At 405, the obfuscation function is applied to the plain text form of a data element. Using the obfuscation function prepared at 403, the plain text value of the data element received at 401 is converted to an obfuscated value. Since the obfuscation function is a one-way function, given the obfuscated value alone, the plain text form of the data element cannot be determined.

At 407, the obfuscated data element is stored. For example, once the obfuscated value of the data element is determined, the obfuscated value is stored for performing comparison queries. In some embodiments, the obfuscated value is stored in a database such as in a corresponding database column for the obfuscated values. The database column for the obfuscated value can be associated with other columns that allow the obfuscated value to be joined with related information, such as a patient identifier, a customer name, an employee number, etc.

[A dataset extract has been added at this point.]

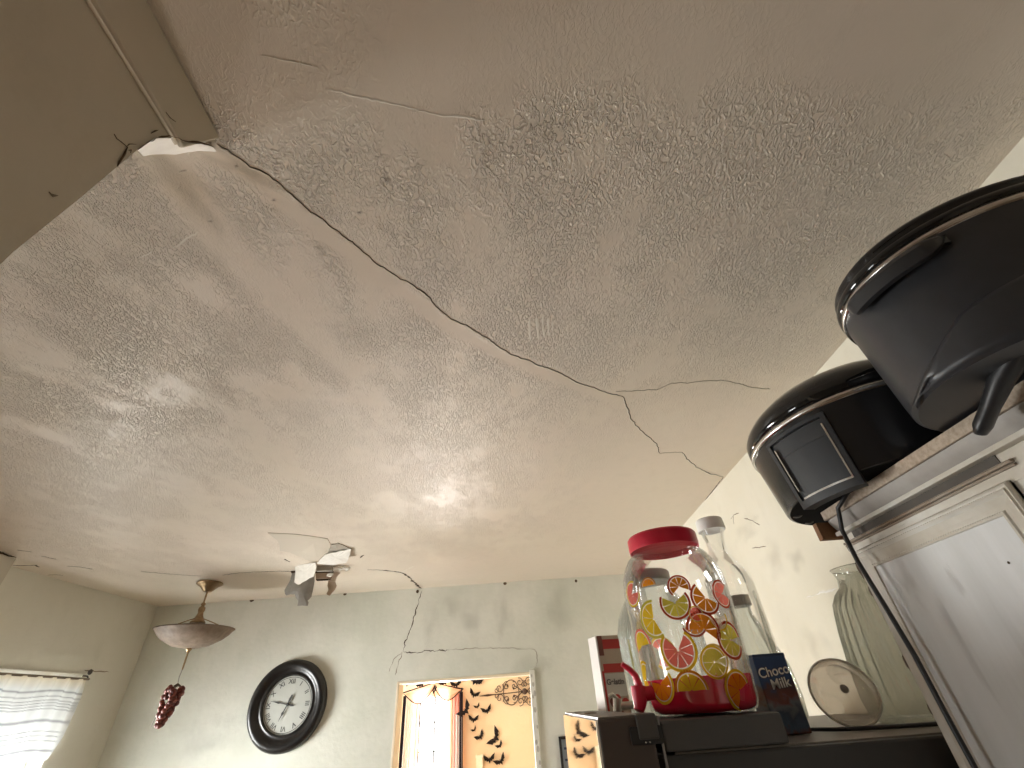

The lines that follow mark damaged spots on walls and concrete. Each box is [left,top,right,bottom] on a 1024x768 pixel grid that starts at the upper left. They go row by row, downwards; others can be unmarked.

At 409, the plain text form of the data element is removed. Once the obfuscated data element is stored, access to the plain text value of the data element is no longer needed for comparison purposes. For improved security, the plain text form of the data element is removed. In some embodiments, the memory used for storing the plain text value is wiped so that the value cannot be restored. In some embodiments, permissions for database tables and/or columns with the plain text form of the data element are configured to remove access from untrusted sources. For example, the plain text form of the data element can be removed by removing access to the corresponding database table and/or column.

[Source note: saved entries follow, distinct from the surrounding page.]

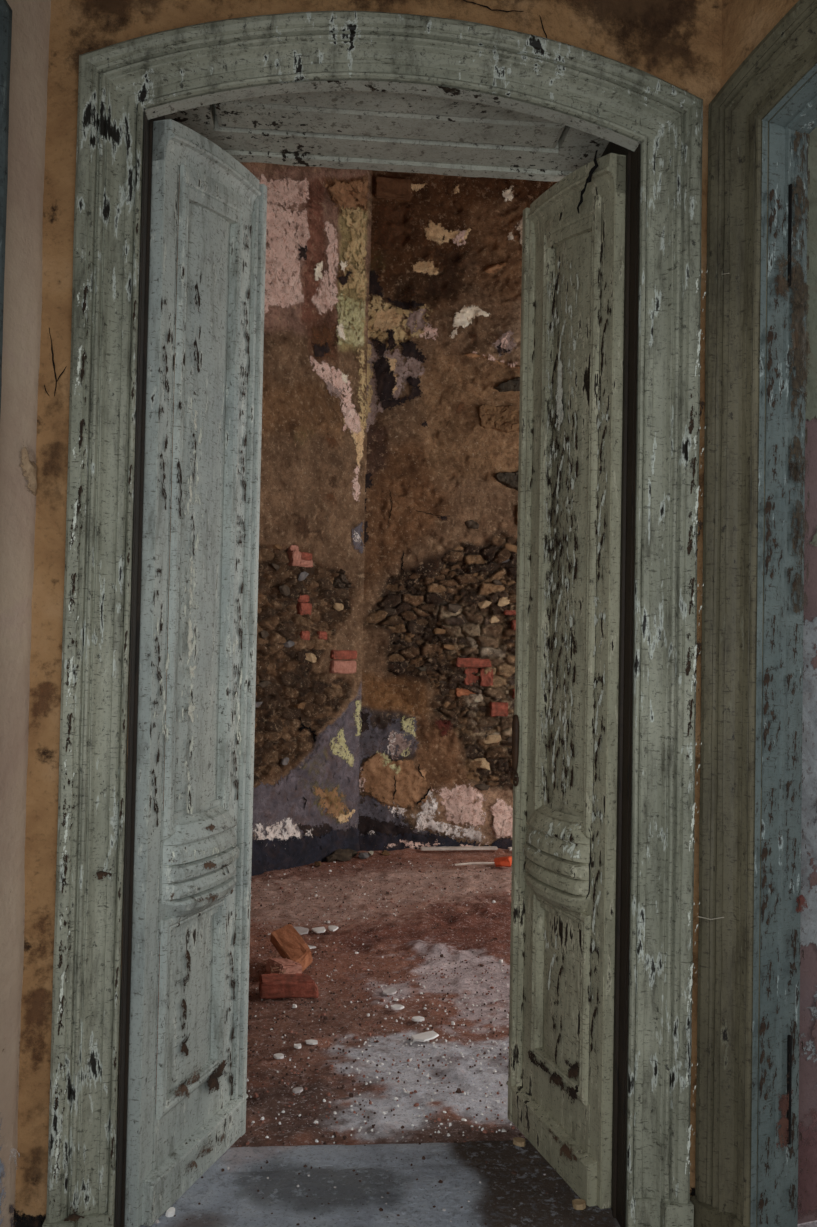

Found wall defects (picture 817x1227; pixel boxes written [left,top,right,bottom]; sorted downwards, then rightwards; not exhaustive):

peeling [230,173,494,823]
peeling [502,186,514,202]
peeling [507,217,523,244]
peeling [446,245,611,1104]
peeling [757,127,817,1225]
peeling [549,1129,577,1164]

FIG. 5 is a flow chart illustrating an embodiment of a process for performing a comparison query on an obfuscated dataset. In various embodiments, the process of FIG. 5 is performed by an obfuscation service on an obfuscated dataset to determine comparison results applicable to the corresponding non-obfuscated data elements. For example, a comparison query can be performed by the obfuscation service to determine which of two obfuscated values is larger (or smaller) and the result is applied to the corresponding non-obfuscated plain text values. In some embodiments, the process of FIG. 5 is performed at 207 of FIG. 2 using an obfuscation function determined at 203 of FIG. 2 and/or using the process of FIG. 3. In some embodiments, the protected dataset is obfuscated at 205 of FIG. 2 and/or using the process of FIG. 4. In some embodiments, the client is client 101 of FIG. 1, the application service is hosted by application platform 121 of FIG. 1, and the obfuscation service is obfuscation service 125 of FIG. 1.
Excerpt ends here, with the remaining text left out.